▶ _Task requirements_
Please write out exactly, without any picture, each line from the first in the listing through the line that includes "Answer: Scheduled playdates".

** Opening Input for this task block **

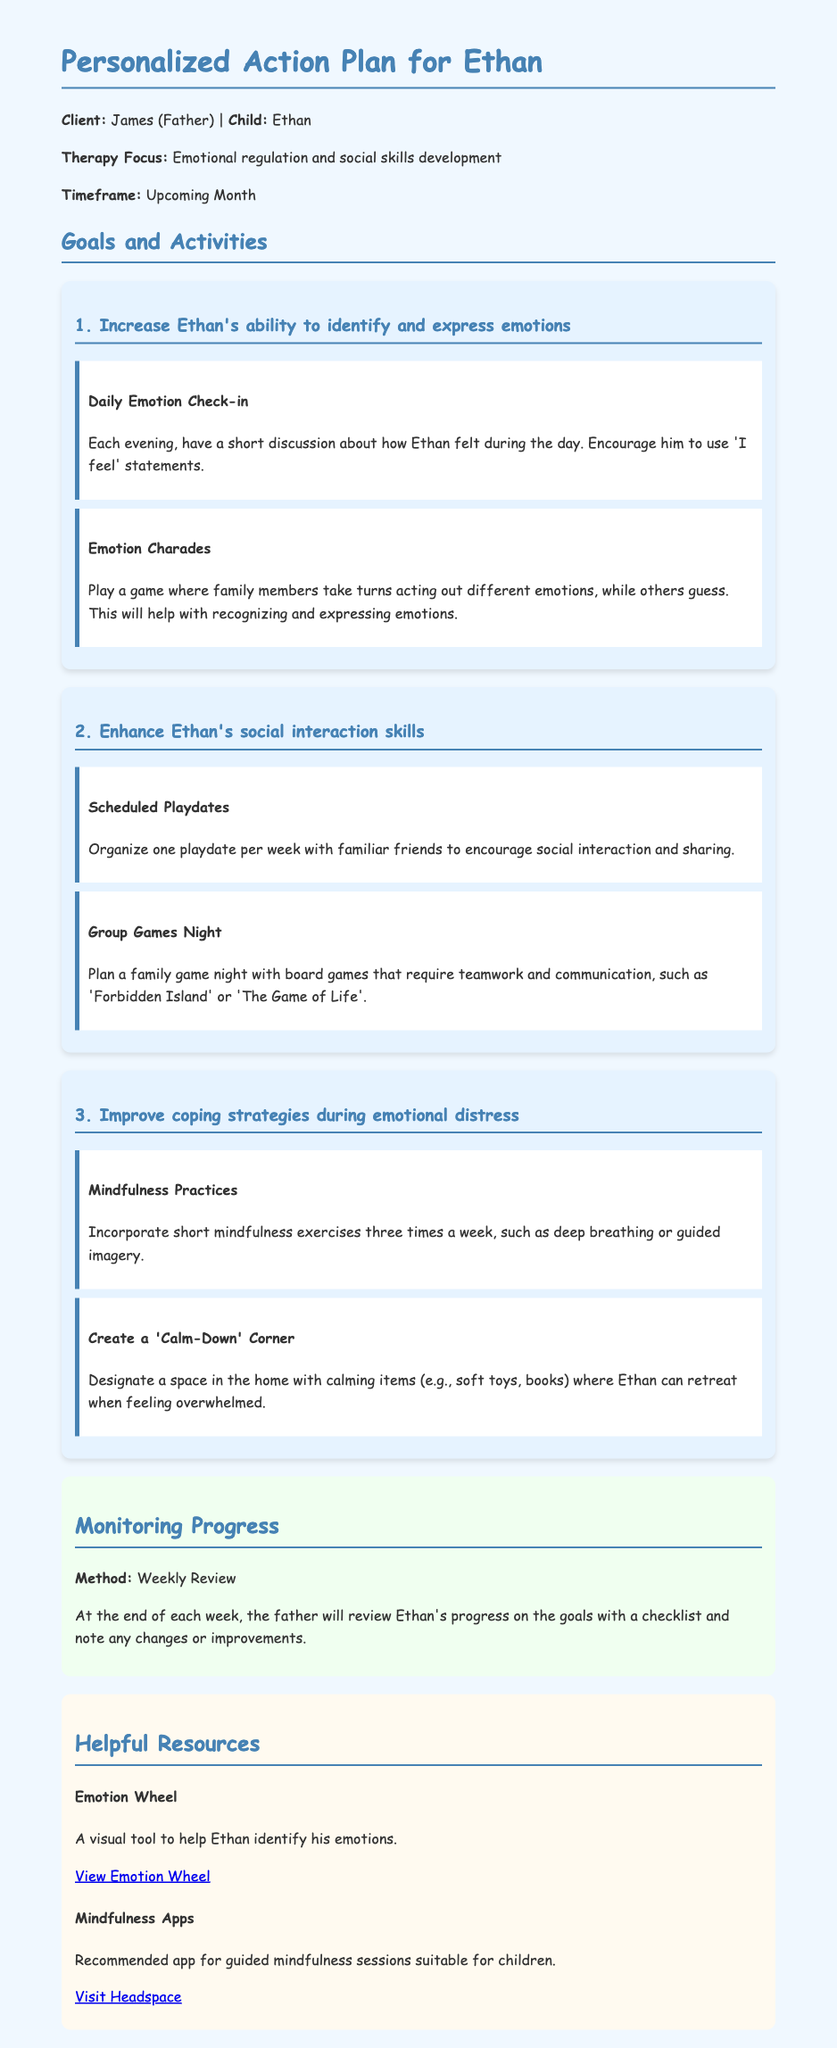What is the child's name? The child's name is mentioned in the introduction section of the document.
Answer: Ethan What is the therapy focus? The therapy focus is highlighted in the introductory paragraph of the document.
Answer: Emotional regulation and social skills development How often should the daily emotion check-in be conducted? The daily emotion check-in activity specifies the frequency of the activity.
Answer: Each evening What is one of the activities to improve social interaction skills? The document lists specific activities under each goal, one of which pertains to social interaction.
Answer: Scheduled playdates How many playdates are suggested per week? The number of playdates is specified in the relevant activity.
Answer: One What is the method for monitoring progress? The document states how progress should be monitored in the monitoring section.
Answer: Weekly Review What resource can help Ethan identify his emotions? The document lists specific resources available to assist Ethan, including one for identifying emotions.
Answer: Emotion Wheel What mindfulness practice is suggested? The document provides examples of mindfulness practices to be incorporated into the schedule.
Answer: Deep breathing What is a key component of the calm-down corner? The calm-down corner is described in the relevant activity section, specifying its content or features.
Answer: Calming items 
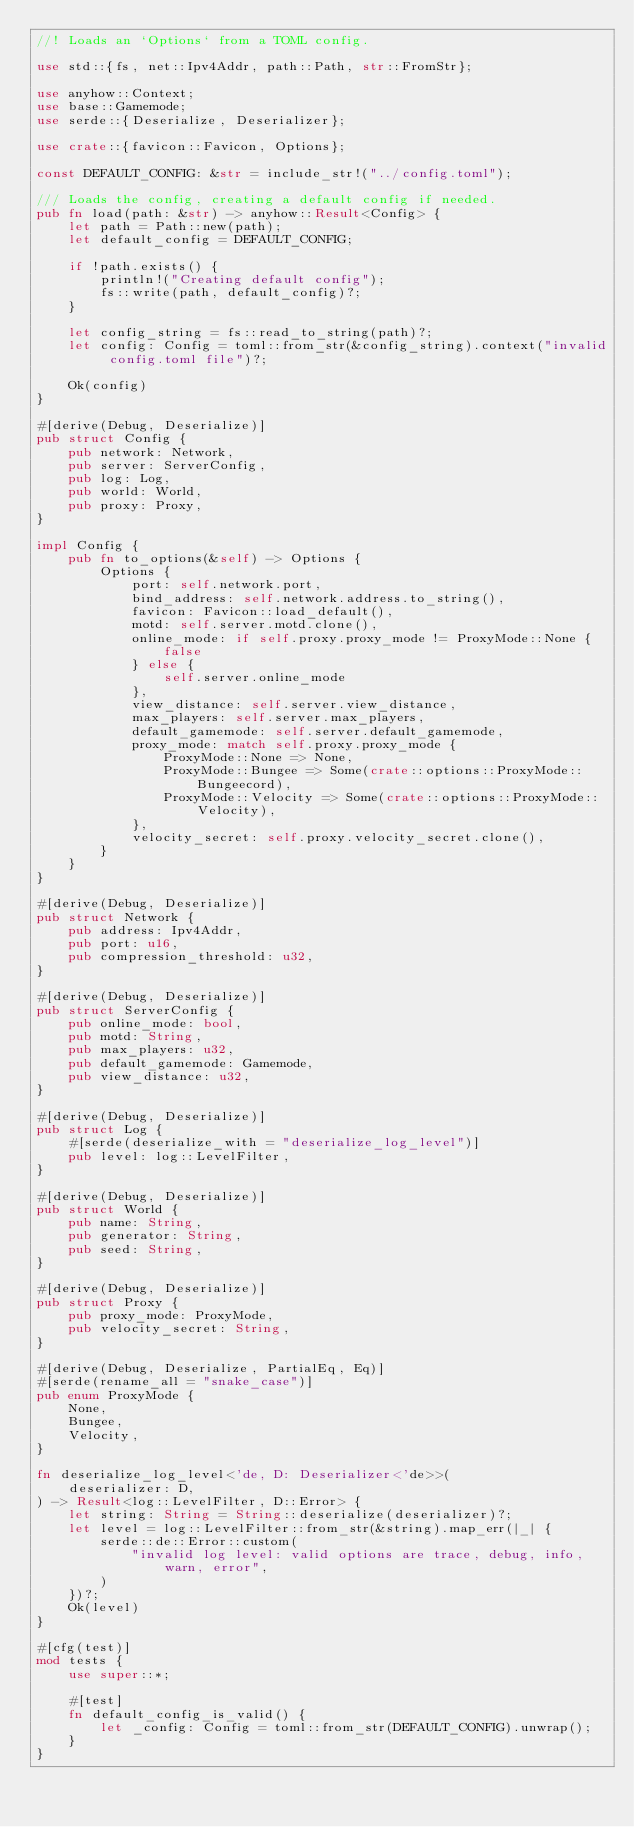Convert code to text. <code><loc_0><loc_0><loc_500><loc_500><_Rust_>//! Loads an `Options` from a TOML config.

use std::{fs, net::Ipv4Addr, path::Path, str::FromStr};

use anyhow::Context;
use base::Gamemode;
use serde::{Deserialize, Deserializer};

use crate::{favicon::Favicon, Options};

const DEFAULT_CONFIG: &str = include_str!("../config.toml");

/// Loads the config, creating a default config if needed.
pub fn load(path: &str) -> anyhow::Result<Config> {
    let path = Path::new(path);
    let default_config = DEFAULT_CONFIG;

    if !path.exists() {
        println!("Creating default config");
        fs::write(path, default_config)?;
    }

    let config_string = fs::read_to_string(path)?;
    let config: Config = toml::from_str(&config_string).context("invalid config.toml file")?;

    Ok(config)
}

#[derive(Debug, Deserialize)]
pub struct Config {
    pub network: Network,
    pub server: ServerConfig,
    pub log: Log,
    pub world: World,
    pub proxy: Proxy,
}

impl Config {
    pub fn to_options(&self) -> Options {
        Options {
            port: self.network.port,
            bind_address: self.network.address.to_string(),
            favicon: Favicon::load_default(),
            motd: self.server.motd.clone(),
            online_mode: if self.proxy.proxy_mode != ProxyMode::None {
                false
            } else {
                self.server.online_mode
            },
            view_distance: self.server.view_distance,
            max_players: self.server.max_players,
            default_gamemode: self.server.default_gamemode,
            proxy_mode: match self.proxy.proxy_mode {
                ProxyMode::None => None,
                ProxyMode::Bungee => Some(crate::options::ProxyMode::Bungeecord),
                ProxyMode::Velocity => Some(crate::options::ProxyMode::Velocity),
            },
            velocity_secret: self.proxy.velocity_secret.clone(),
        }
    }
}

#[derive(Debug, Deserialize)]
pub struct Network {
    pub address: Ipv4Addr,
    pub port: u16,
    pub compression_threshold: u32,
}

#[derive(Debug, Deserialize)]
pub struct ServerConfig {
    pub online_mode: bool,
    pub motd: String,
    pub max_players: u32,
    pub default_gamemode: Gamemode,
    pub view_distance: u32,
}

#[derive(Debug, Deserialize)]
pub struct Log {
    #[serde(deserialize_with = "deserialize_log_level")]
    pub level: log::LevelFilter,
}

#[derive(Debug, Deserialize)]
pub struct World {
    pub name: String,
    pub generator: String,
    pub seed: String,
}

#[derive(Debug, Deserialize)]
pub struct Proxy {
    pub proxy_mode: ProxyMode,
    pub velocity_secret: String,
}

#[derive(Debug, Deserialize, PartialEq, Eq)]
#[serde(rename_all = "snake_case")]
pub enum ProxyMode {
    None,
    Bungee,
    Velocity,
}

fn deserialize_log_level<'de, D: Deserializer<'de>>(
    deserializer: D,
) -> Result<log::LevelFilter, D::Error> {
    let string: String = String::deserialize(deserializer)?;
    let level = log::LevelFilter::from_str(&string).map_err(|_| {
        serde::de::Error::custom(
            "invalid log level: valid options are trace, debug, info, warn, error",
        )
    })?;
    Ok(level)
}

#[cfg(test)]
mod tests {
    use super::*;

    #[test]
    fn default_config_is_valid() {
        let _config: Config = toml::from_str(DEFAULT_CONFIG).unwrap();
    }
}
</code> 
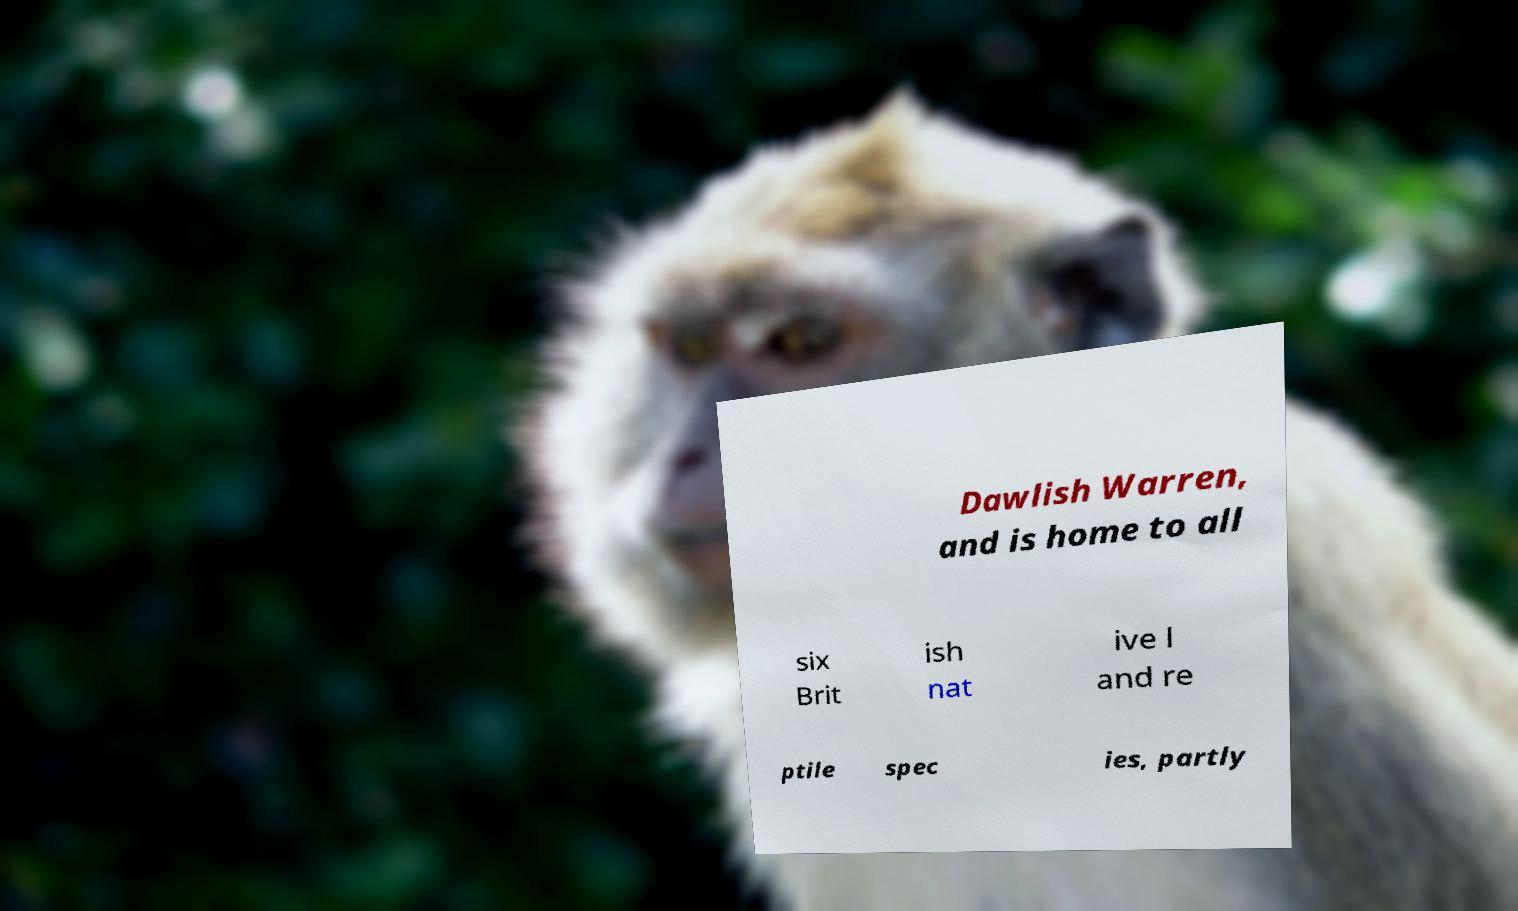For documentation purposes, I need the text within this image transcribed. Could you provide that? Dawlish Warren, and is home to all six Brit ish nat ive l and re ptile spec ies, partly 
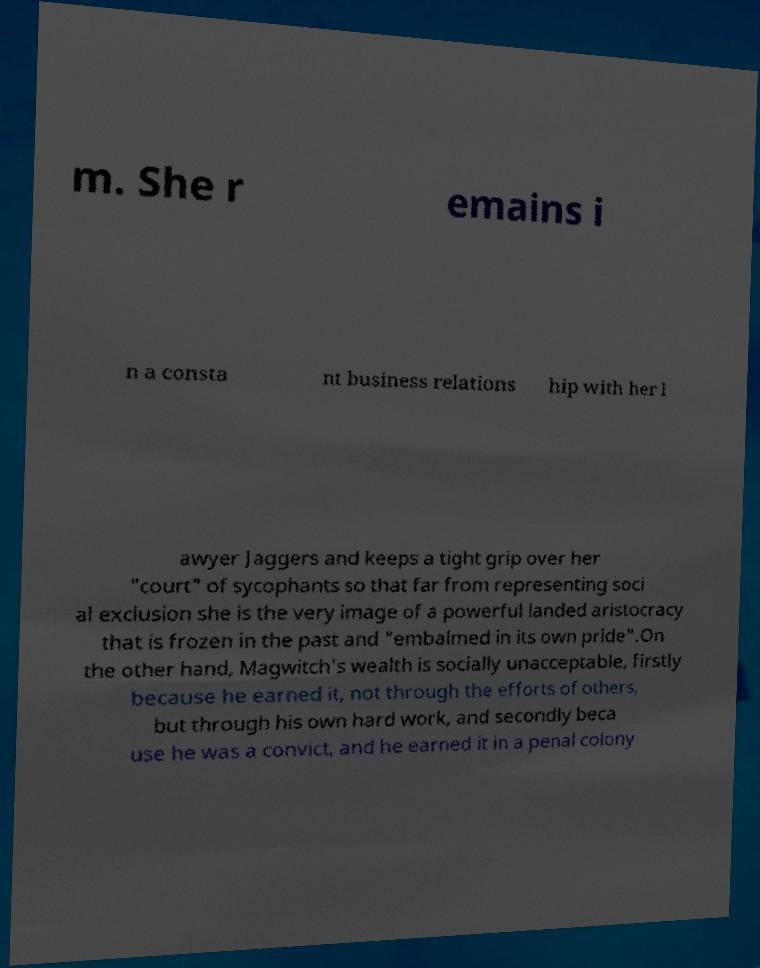Could you assist in decoding the text presented in this image and type it out clearly? m. She r emains i n a consta nt business relations hip with her l awyer Jaggers and keeps a tight grip over her "court" of sycophants so that far from representing soci al exclusion she is the very image of a powerful landed aristocracy that is frozen in the past and "embalmed in its own pride".On the other hand, Magwitch's wealth is socially unacceptable, firstly because he earned it, not through the efforts of others, but through his own hard work, and secondly beca use he was a convict, and he earned it in a penal colony 
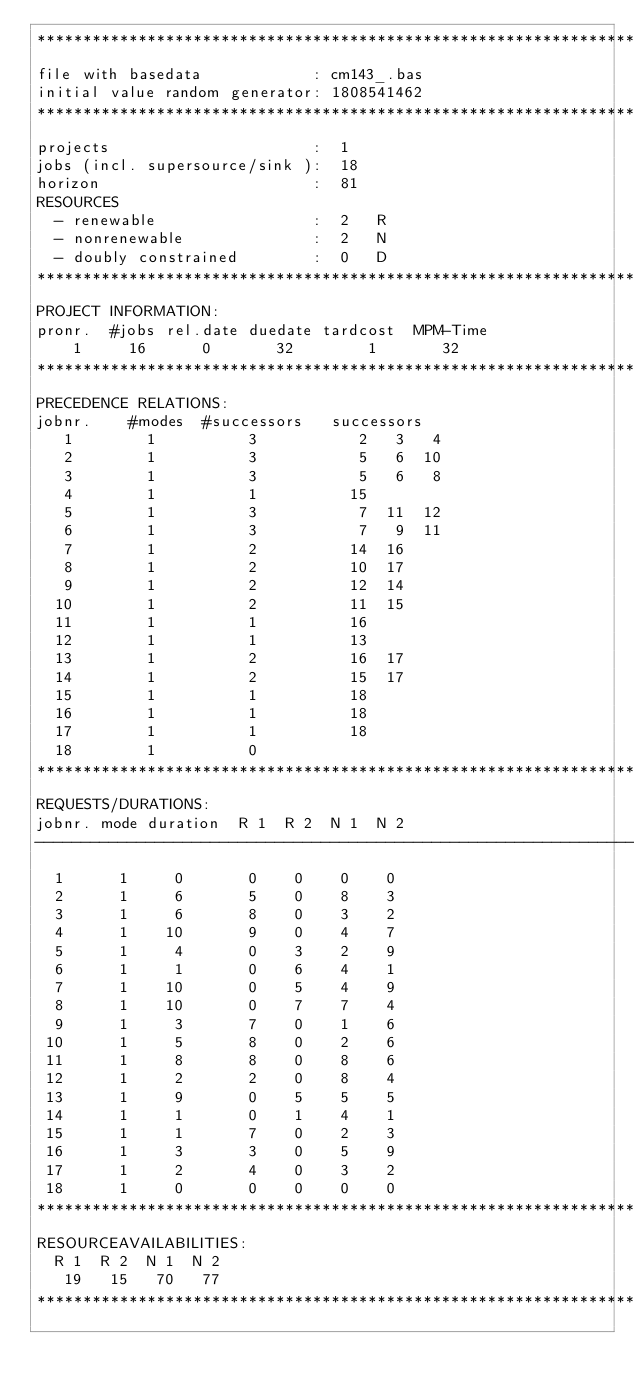Convert code to text. <code><loc_0><loc_0><loc_500><loc_500><_ObjectiveC_>************************************************************************
file with basedata            : cm143_.bas
initial value random generator: 1808541462
************************************************************************
projects                      :  1
jobs (incl. supersource/sink ):  18
horizon                       :  81
RESOURCES
  - renewable                 :  2   R
  - nonrenewable              :  2   N
  - doubly constrained        :  0   D
************************************************************************
PROJECT INFORMATION:
pronr.  #jobs rel.date duedate tardcost  MPM-Time
    1     16      0       32        1       32
************************************************************************
PRECEDENCE RELATIONS:
jobnr.    #modes  #successors   successors
   1        1          3           2   3   4
   2        1          3           5   6  10
   3        1          3           5   6   8
   4        1          1          15
   5        1          3           7  11  12
   6        1          3           7   9  11
   7        1          2          14  16
   8        1          2          10  17
   9        1          2          12  14
  10        1          2          11  15
  11        1          1          16
  12        1          1          13
  13        1          2          16  17
  14        1          2          15  17
  15        1          1          18
  16        1          1          18
  17        1          1          18
  18        1          0        
************************************************************************
REQUESTS/DURATIONS:
jobnr. mode duration  R 1  R 2  N 1  N 2
------------------------------------------------------------------------
  1      1     0       0    0    0    0
  2      1     6       5    0    8    3
  3      1     6       8    0    3    2
  4      1    10       9    0    4    7
  5      1     4       0    3    2    9
  6      1     1       0    6    4    1
  7      1    10       0    5    4    9
  8      1    10       0    7    7    4
  9      1     3       7    0    1    6
 10      1     5       8    0    2    6
 11      1     8       8    0    8    6
 12      1     2       2    0    8    4
 13      1     9       0    5    5    5
 14      1     1       0    1    4    1
 15      1     1       7    0    2    3
 16      1     3       3    0    5    9
 17      1     2       4    0    3    2
 18      1     0       0    0    0    0
************************************************************************
RESOURCEAVAILABILITIES:
  R 1  R 2  N 1  N 2
   19   15   70   77
************************************************************************
</code>

** Closing Input for this task block **

▶ _Task answer_
What is the child's name? The child's name is mentioned in the introduction section of the document.
Answer: Ethan What is the therapy focus? The therapy focus is highlighted in the introductory paragraph of the document.
Answer: Emotional regulation and social skills development How often should the daily emotion check-in be conducted? The daily emotion check-in activity specifies the frequency of the activity.
Answer: Each evening What is one of the activities to improve social interaction skills? The document lists specific activities under each goal, one of which pertains to social interaction.
Answer: Scheduled playdates How many playdates are suggested per week? The number of playdates is specified in the relevant activity.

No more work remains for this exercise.